In the new 19-page opinion, the three-judge panel described the secret deal as a transaction that involved “the transfer of a substantial portion of the estate’s assets to a joint venture between the estate and a third party, in exchange for a substantial cash payment and an equity stake in the joint venture.” Catherine opposed the deal on the grounds that it violated the terms of her son’s will, specifically the provision that all of the estate’s assets must be distributed to a trust that names his children and his mother as beneficiaries once the will is closed.

In her appeal briefs, Katherine argued that allowing the estate’s “most valuable asset” to be transferred to a “new company” owned by “the sole owner of the estate” was fundamentally contrary to Michael’s wishes. She said the deal made it “impossible” for the executors to transfer “the entire estate” to the trust. The appeals judges rejected that position. They said Jackson’s will “gives the executors broad powers to administer the estate’s assets while the estate remains probated,” and therefore the previous judge did not abuse his discretion when he granted the motion to approve the deal.

“If a court order to ‘give’ an estate asset to a third party has the effect of giving it away, we may agree that the order violates the will. But the proposed transaction is not a gift or distribution of estate assets — it is an asset sale, in which the estate receives a large cash payment and an interest in a joint venture in exchange for the transfer of assets,” the three judges of the California 2nd District Court of Appeal said. The deal “neither reduces the value of the estate nor impairs the ability of future executors to transfer estate assets to the trust,” the judges said.

“The Probate Court did not err in concluding that Michael’s intention was to allow the executors to sell any estate assets, including those at issue in the proposed transaction,” the judges wrote in their conclusion.

Jackson's estate has been awaiting probate since his death in 2009, largely due to ongoing tax disputes with the IRS. Once probate closes, the entire estate will be transferred to the trust, with Jackson's three children designated as primary beneficiaries and Katherine as a lifetime beneficiary of a sub-trust that will revert to the main trust upon her death.

Catherine's lead attorney on the appeal and the estate's attorney did not immediately respond. Rolling StoneRequest comment.

The sale of the assets was negotiated to take advantage of a market that was “at its hottest ever,” according to an earlier appeals memorandum filed by the executors. The deal, struck amid Katherine’s appeal, allows the estate to maintain “effective control over Michael’s music” while diversifying its assets, the memorandum said.

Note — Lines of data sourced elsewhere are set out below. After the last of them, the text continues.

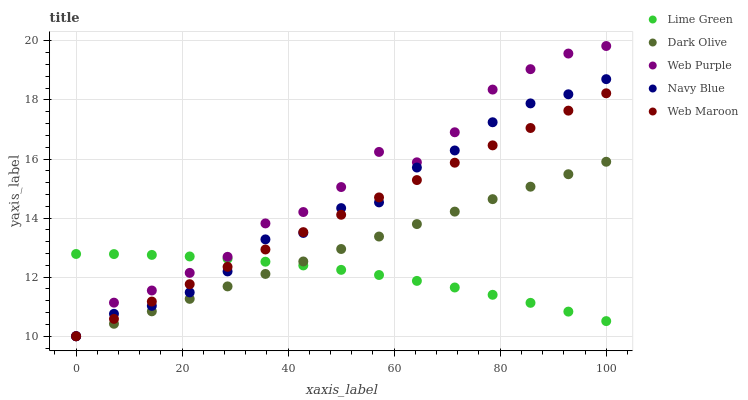Does Lime Green have the minimum area under the curve?
Answer yes or no. Yes. Does Web Purple have the maximum area under the curve?
Answer yes or no. Yes. Does Dark Olive have the minimum area under the curve?
Answer yes or no. No. Does Dark Olive have the maximum area under the curve?
Answer yes or no. No. Is Dark Olive the smoothest?
Answer yes or no. Yes. Is Web Purple the roughest?
Answer yes or no. Yes. Is Web Purple the smoothest?
Answer yes or no. No. Is Dark Olive the roughest?
Answer yes or no. No. Does Navy Blue have the lowest value?
Answer yes or no. Yes. Does Lime Green have the lowest value?
Answer yes or no. No. Does Web Purple have the highest value?
Answer yes or no. Yes. Does Dark Olive have the highest value?
Answer yes or no. No. Does Web Maroon intersect Dark Olive?
Answer yes or no. Yes. Is Web Maroon less than Dark Olive?
Answer yes or no. No. Is Web Maroon greater than Dark Olive?
Answer yes or no. No. 
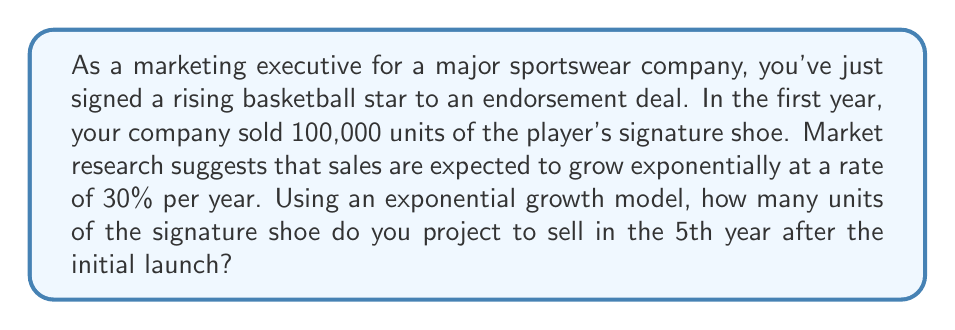Give your solution to this math problem. To solve this problem, we'll use the exponential growth model:

$$A = P(1 + r)^t$$

Where:
$A$ = Amount after growth
$P$ = Initial principal amount
$r$ = Growth rate (as a decimal)
$t$ = Time periods

Given:
$P = 100,000$ (initial sales)
$r = 0.30$ (30% growth rate)
$t = 5$ (5th year after launch)

Let's substitute these values into our equation:

$$A = 100,000(1 + 0.30)^5$$

Now, let's solve step-by-step:

1) First, calculate $(1 + 0.30)^5$:
   $$(1.30)^5 = 3.7129$$

2) Multiply this by the initial amount:
   $$100,000 \times 3.7129 = 371,290$$

Therefore, in the 5th year after the initial launch, we project to sell approximately 371,290 units of the signature shoe.
Answer: 371,290 units 
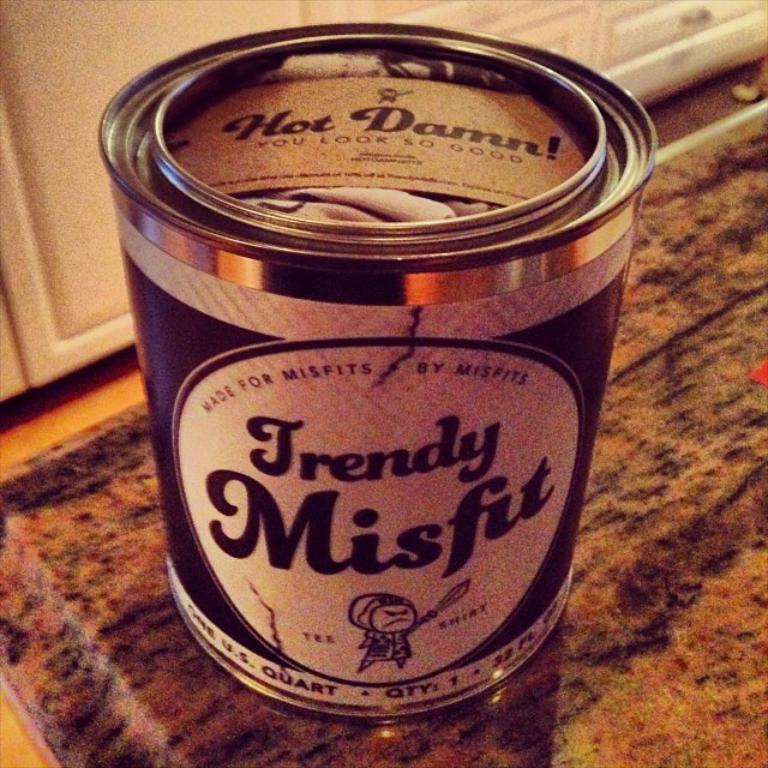What object is present in the image that typically contains a specific substance? There is a can in the image. Can you describe any text or markings on the can? Yes, there is writing on the can. What type of steel is used to manufacture the circle in the image? There is no circle present in the image, and therefore no steel to describe. 
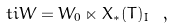<formula> <loc_0><loc_0><loc_500><loc_500>\ t i W = W _ { 0 } \ltimes X _ { * } ( T ) _ { I } \ ,</formula>

In a heavily edited file obtained by Rolling StoneThe estate’s attorney, Jonathan B. Steinsapir, said the deal was “a fantastic deal” that gave the estate “the best of both worlds” in terms of tax benefits and profits. Under the deal, he said, the estate retains control over “critical decisions” regarding Michael’s name, image and likeness and day-to-day control of his trademarks. “Over the past 14 years, the executors have exercised their powers with extraordinary care and diligence, with extraordinary results,” he said. “As the probate court recognized in its decision, [underlying decision]“It started as a huge debt and ongoing liability, and has turned into a $2 billion legacy,” he wrote.

None of Michael’s three adult children — Prince, Paris and Biggie Jackson — filed written objections to the estate’s petition seeking court approval of the deal. Attorneys for Prince and Paris said at a hearing in March 2023 that they did not object. Court filings show that Biggie’s attorney reserved the younger sibling’s right to object. During the evidentiary hearing, Paris appeared briefly to say she was joining her grandmother but did not specifically state what her objection was, according to the new opinion released Wednesday. “The court later noted that she was ‘not really sure where Paris Jackson stands,’” the new opinion says.

In March of this year, Peggy’s lawyer, David Coleman, wrote to the court that his client considered the sale of the assets to be “critical,” both financially and personally, but did not support Catherine’s appeal. Coleman said his client “initially believed that the executors would have to prove to the court the necessity of the proposed transaction,” but once the deal was approved, he accepted that the deal could not be stopped. “The chances of the appeal being withdrawn were very slim, and Peggy did not want to incur the additional expense of pursuing the appeal,” the lawyer wrote.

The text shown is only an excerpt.